Correct this does work for those HD users that also have a newer model TiVo (well it will work again for Roamio, Bolt and Premiere HD menu users once TiVo resolves the C423 error introduced with 20.6.3).

Scott


----------



## HerronScott

jalind said:


> One additional note on the MPEG4 HD channels. In comparing some recordings done before they started rolling over from MPEG2 to MPEG4, the MPEG2 are 1080i. The MPEG4 channels in my area are 720p. Started scrolling down from IFC through MGM-HD, AMC-HD, ENCORE, plus a dozen more, and they're all 720p now. Could also explain why some artifacts are more visible as either the TiVo or your TV is having to upscale the 720p to 1080(i or p depending on settings) for your 1080p TV set. That *will* accentuate and exacerbate any existing artifacts in the transport stream.


John,

This has been discussed extensively here.

Busted! Comcast Down-Converts native 1080i Channels to 720P!!!

Scott


----------



## karpodiem

jalind said:


> VideoReDo Plus cannot handle H.264, only MPEG2. Been there, done that - you get an error message stating the software cannot handle H.264 encoded streams (which is a form of MPEG4, not MPEG2). Upgraded my VideoReDo Plus last night to the VideoReDo TVSuite v5 which can handle the H.264 streams. Did an experiment with a movie recorded Dec 4th from AMC-HD and was able to use their TVSuite to do with it exactly what I had been with VideoReDo Plus to make an mp4 file without the commercials. You have to experiment a bit with the mp4 output parameters to select the configuration that doesn't do any transcoding. Their TVSuite is much more powerful with many transcoding options for various devices. VideoReDo offers a good discount for those who own VideoReDo Plus to upgrade to their TVSuite.
> 
> You have to download the recordings from the TiVo using "fastest method" if you're using TiVo Desktop, an option setting in the program. IIRC, if you log directly into the TiVo you have to ask for the transport stream, not the program stream. The wrong one will only get you only the audio in a small file that's about 1/10th the size you'd expect it to be.
> 
> John


what kind of bitrate are you seeing on the H.264 channels?


----------



## MissLynn

Last night I forced a service connection and this morning I find my Tivo has been updated to 11.ON.K1 and my channels are working.


----------



## jalind

karpodiem said:


> what kind of bitrate are you seeing on the H.264 channels?

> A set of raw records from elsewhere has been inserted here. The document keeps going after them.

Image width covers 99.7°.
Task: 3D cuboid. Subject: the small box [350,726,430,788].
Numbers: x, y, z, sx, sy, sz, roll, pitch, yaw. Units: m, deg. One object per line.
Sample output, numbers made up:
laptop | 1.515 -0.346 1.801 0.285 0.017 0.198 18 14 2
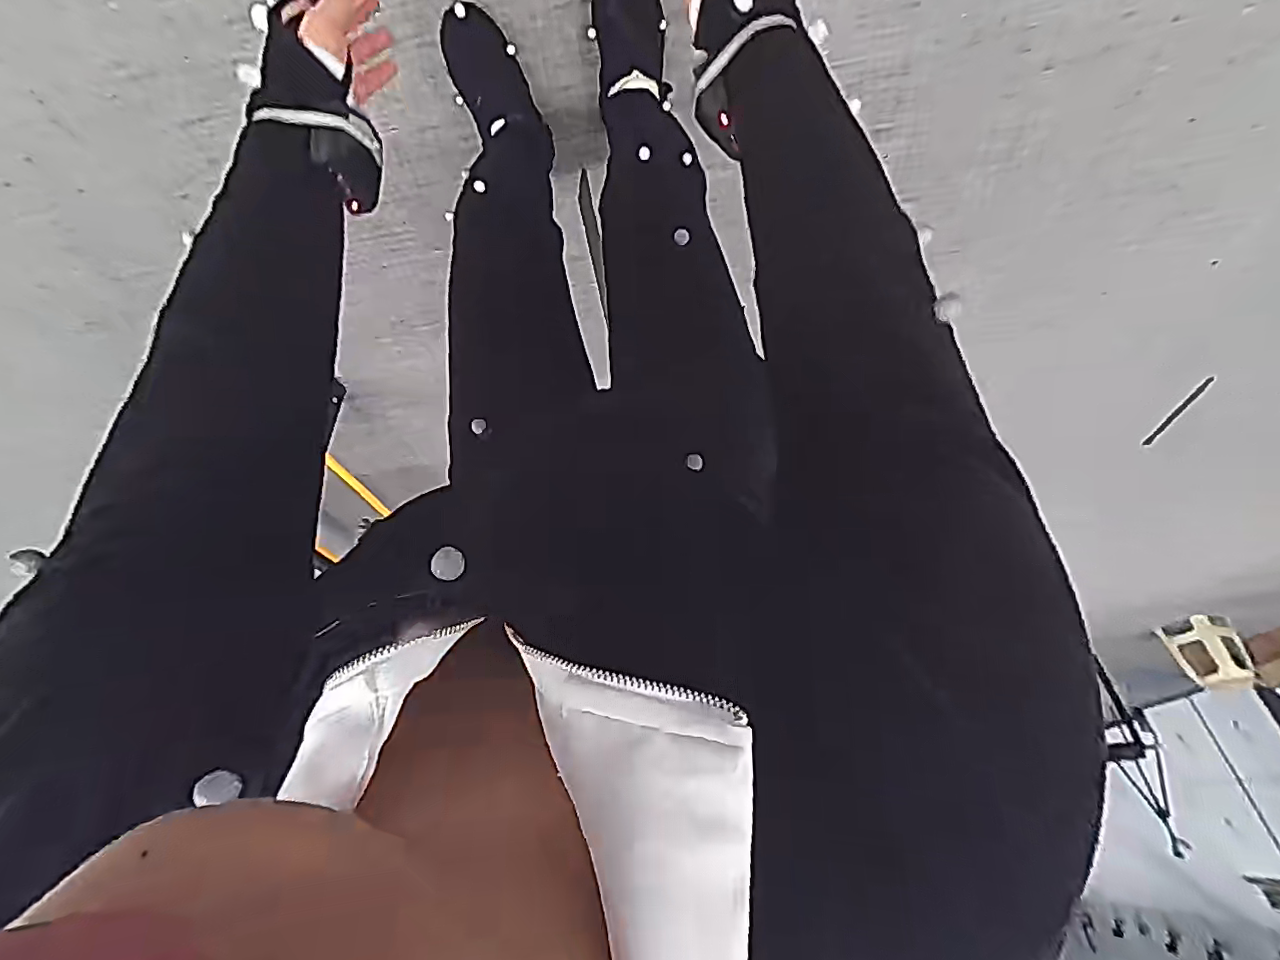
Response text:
small box | -0.827 0.932 1.805 0.179 0.176 0.168 -7 147 2

Just did a quick calculation for the average of an AMC-HD MPEG4. Storage size of the .tivo file on my hard drive when downloaded from the TiVo:
4,514,178 kB (1024 Bytes per kB)
36,980,146,176 bits (the kB size * 1024 * 8)

The stream's run length, as measured by VDR TVSuite:
2:46:40 which comes out to (amazingly)
(2*60+46)*60+40 = 10,000 seconds.

Divide the number of bits by the run time in seconds:
3.698 Mbps for the .tivo file.

Pulled it into VRD TVSuite and looked at the program info. Cannot go by header which gives 20 Mbps. It reports a H.264 video bit rate of 3.181 Mbps and audio (5.1 AC3) at the common 384 kbps. Add the two together: 3.565 Mbps which is is the same ballpark as my calculation of the .tivo file based on its reported storage size (which will be larger than actual because of drive sector allocation) and its run time in seconds. Close enough for your question: 3.5 - 3.7 Mbps. IMHO, that's a low bit rate for HD content, even H.264.

John


----------



## kpasha

Great news from Katy- West Houston. Performed the K version software update as described to my 652 and all back to normal with the HD channels. Thanks to all the posters that worked with TiVo/ Comcast and raised awareness on the issue to make this happen.


----------



## rocketscientist

So as I reported above my channels are working now here in Houston, but WATCH OUT COMCAST HAS REDUCED THE RESOLUTION OF EVERY SINGLE ONE OF THEM!! Channels that used to be 1024i are now all 720P. If you google it, it seems this is Comcast trying to reduce their bandwidth in conjunction with the MPEG4 transition. I suspect and wonder if the problem we were having had something to do with that change also??? The channels that continued to work during the MPG4 transition outage fixed by the K1 patch that have stayed MPEG2 apparently are also the ones that still show up as 1024i. So apparently for Comcast, MPEG4 = 720P....:-( I can see a reduction is sharpness, especially when I compare previously recorded shows to what I get now on same channel...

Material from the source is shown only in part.